British lawmakers will convene in the House of Commons to vote on Prime Minister Boris Johnson’s newly agreed Brexit deal in a rare Saturday sitting.
Johnson, who took over crucial negotiations with European Union officials on the divorce deal after his predecessor Theresa May repeatedly lost parliament votes on her deal, will try to secure ratification from lawmakers.
Having lost all crucial votes in parliament since taking office, Johnson needs 320 MPs to back his deal. The numbers do not look good for the prime minister, however, as he faces the historic parliamentary session.
The leader of the Democratic Unionist Party (DUP) has already said they would not support the deal.

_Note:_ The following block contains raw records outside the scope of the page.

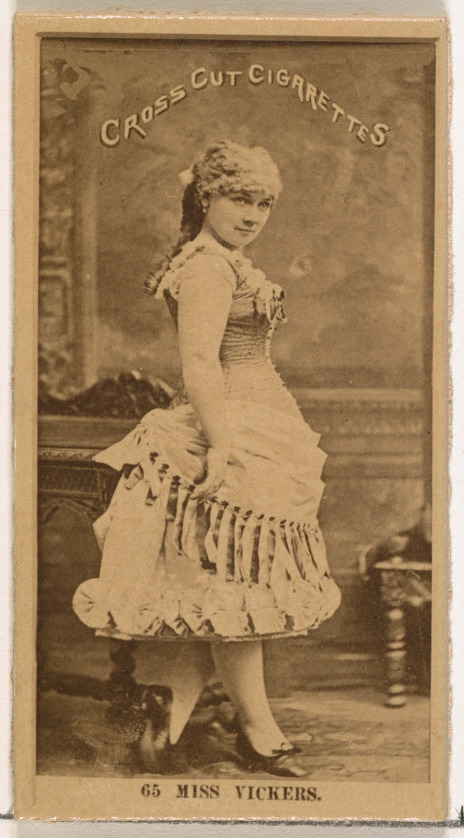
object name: print
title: Card Number 65, Miss Mattie Vickers, from the Actors and Actresses series (N145-2) issued by Duke Sons & Co. to promote Cross Cut Cigarettes
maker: w. duke, sons & co.
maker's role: publisher
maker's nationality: american
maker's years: 1870-1920
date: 1880-1889
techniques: albumen silver print
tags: portraits,women,actresses
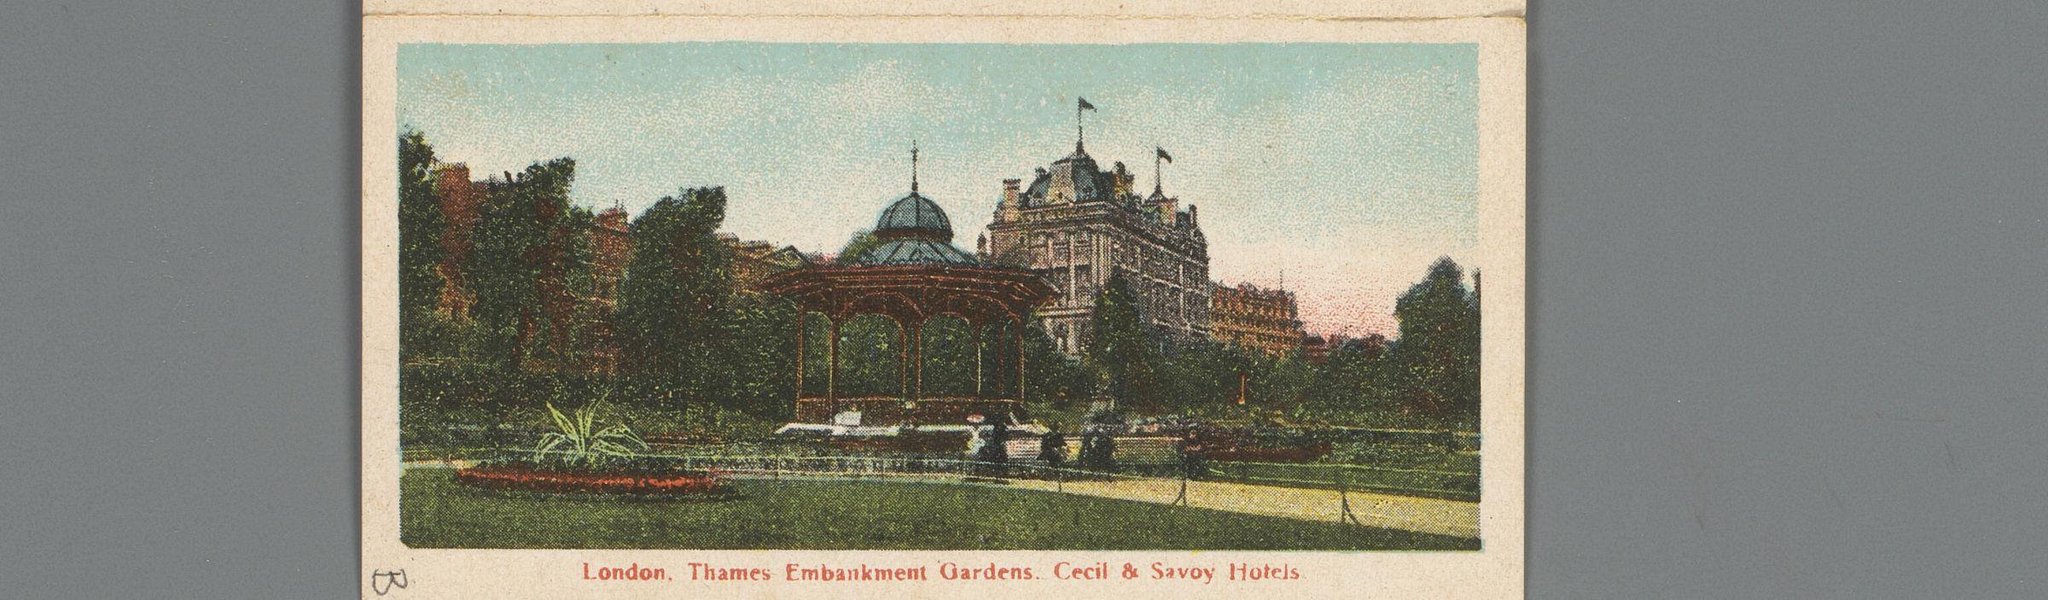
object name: album leaf
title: London. Thames Embankment Gardens. Cecil & Savoy Hotels
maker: Anonymous
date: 1888-1914
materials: paper
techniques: autotype, chromophotolithography
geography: london
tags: public gardens, park
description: Deze prent maakt deel uit van een album.

The last time the House of Commons held a Saturday sitting was 37 years ago during Britain’s war with Argentina over sovereignty of the Falkland Islands.
Johnson removed the whip from 21 former Tory MPs weeks ago when they voted in favor of a bill that would force the government to ask the EU for a new extension to Brexit. As they voted against a no-deal Brexit, they are not expected to vote for this new deal.

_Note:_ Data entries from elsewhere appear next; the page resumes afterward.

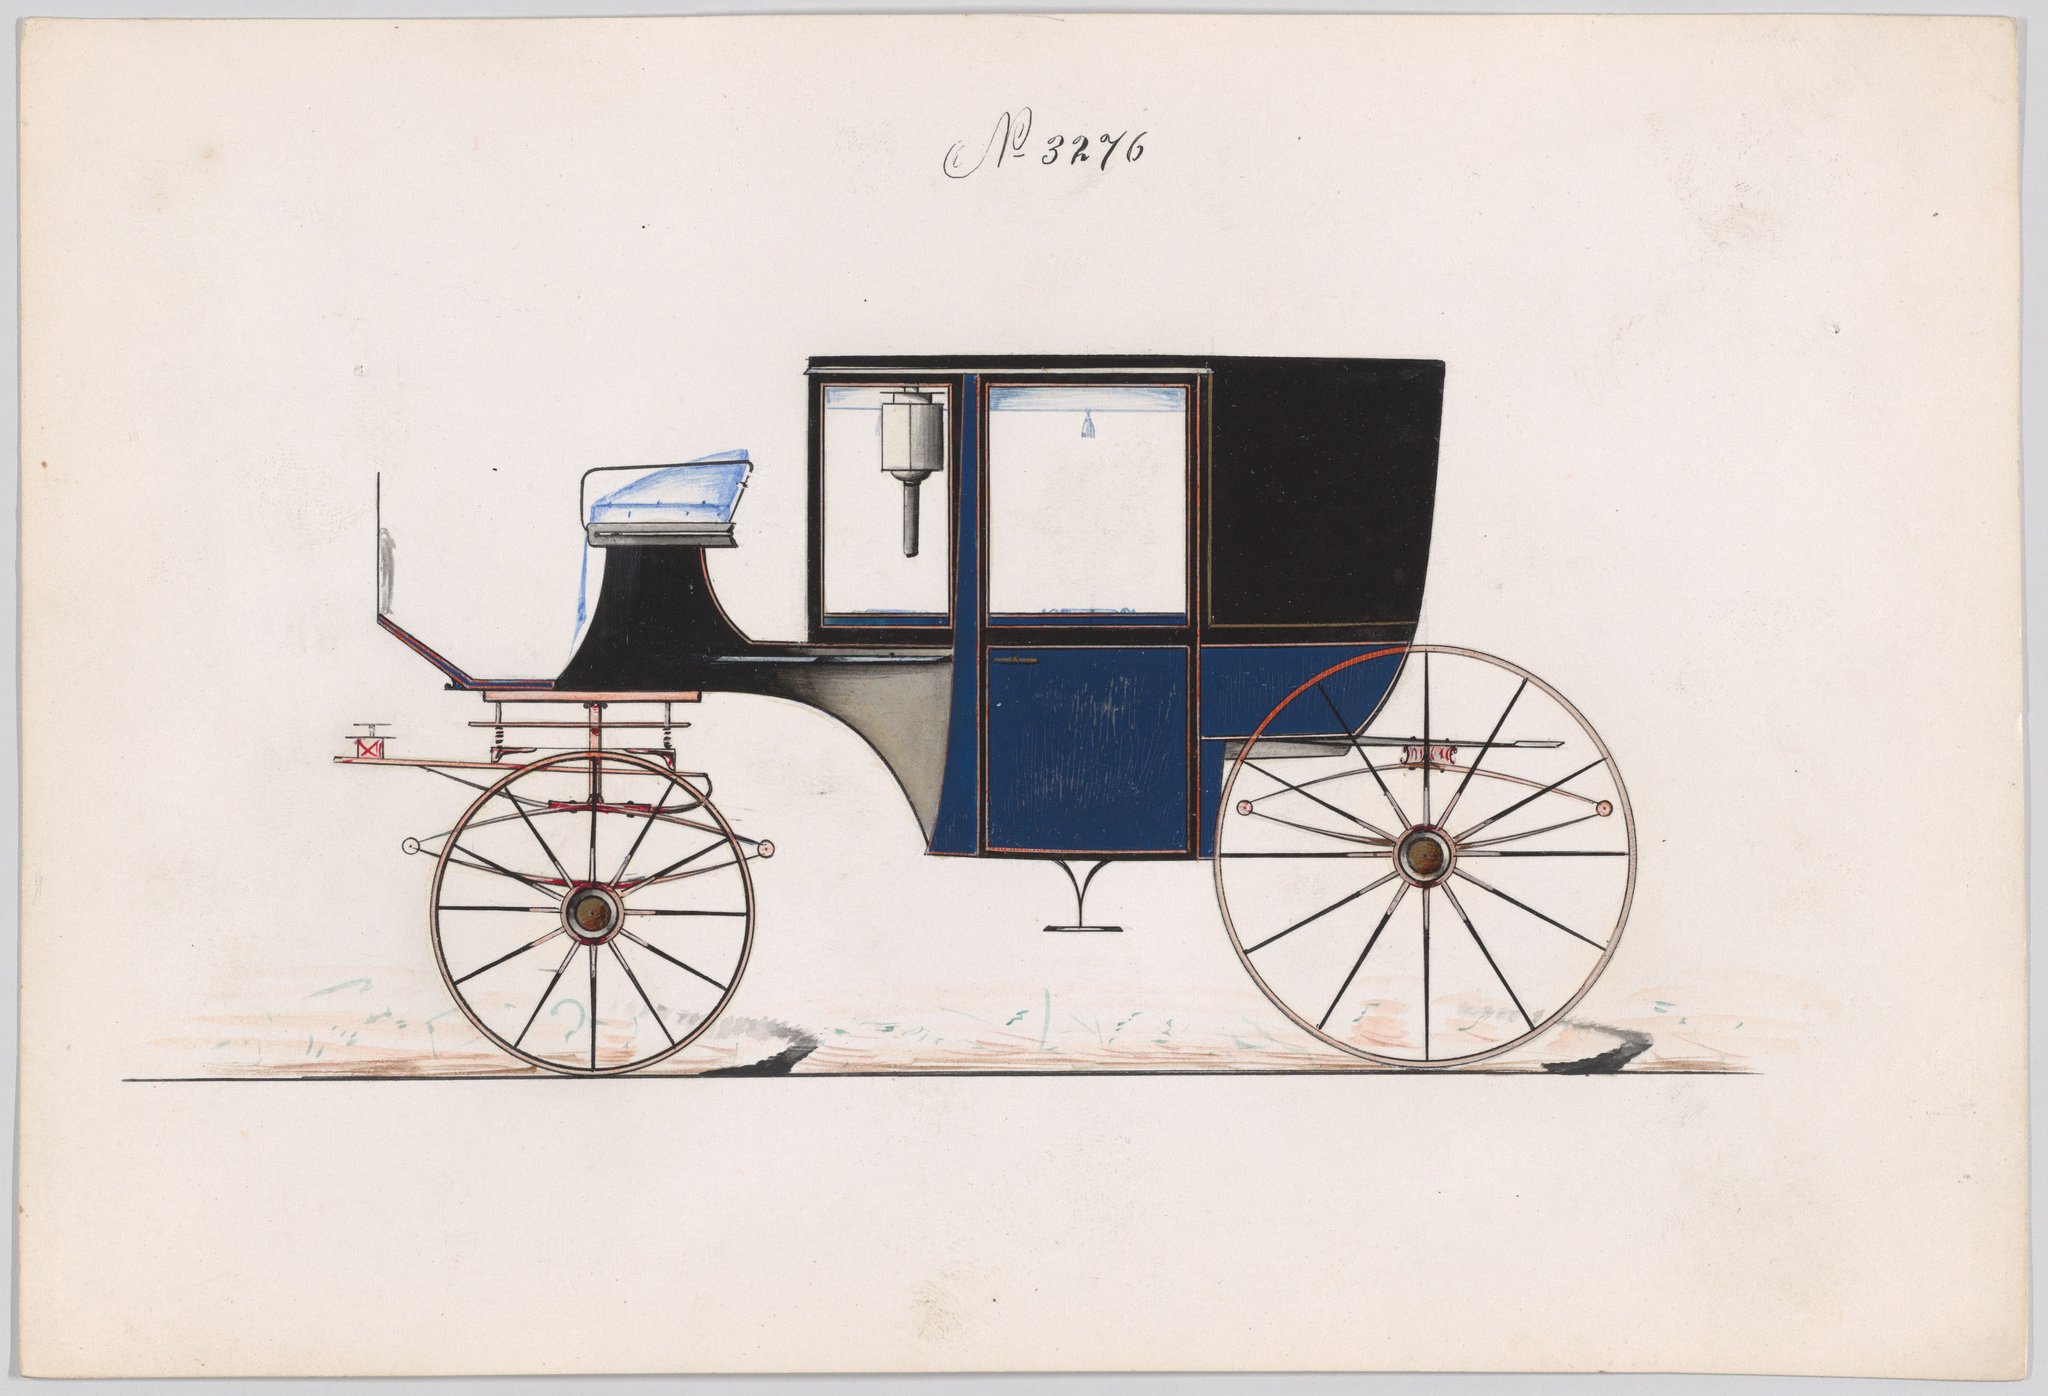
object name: drawing
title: Design for Coupé, no. 3276
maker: brewster & co.
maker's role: manufacturer
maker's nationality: american
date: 1876
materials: gouache, gum arabic, ink, watercolor
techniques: pen
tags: carriages

The new deal, if passed by parliament, would leave Northern Ireland aligned with the EU in customs rules so the European single market is protected. It is a concessional change to a controversial backstop clause of the previous deal, but it is also presented as a good deal to protect the Good Friday (1998 Belfast) Agreement and avoid a hard border in the island of Ireland after Brexit.
However, the new deal would also create a regulatory border between Northern Ireland and the rest of the U.K. territory – a situation the Tory government’s de facto partners Northern Irish unionists have categorically rejected.
Although all the opposition parties in Westminster have said they would oppose the deal, Johnson has claimed that his deal will receive enough support in the vote.
The historic vote will see various amendments chosen by House of Commons Speaker John Bercow, and the final vote will be held after all the amendments are voted on.
The European Union (Withdrawal) (No. 2) Act, also known as the Benn Act, requires Johnson to go back to Brussels to request a new extension from the EU.
Johnson has repeatedly said the U.K. would leave the bloc on Oct. 31 with or without a deal, but what happens on Saturday will shape the country’s future and its departure from the bloc.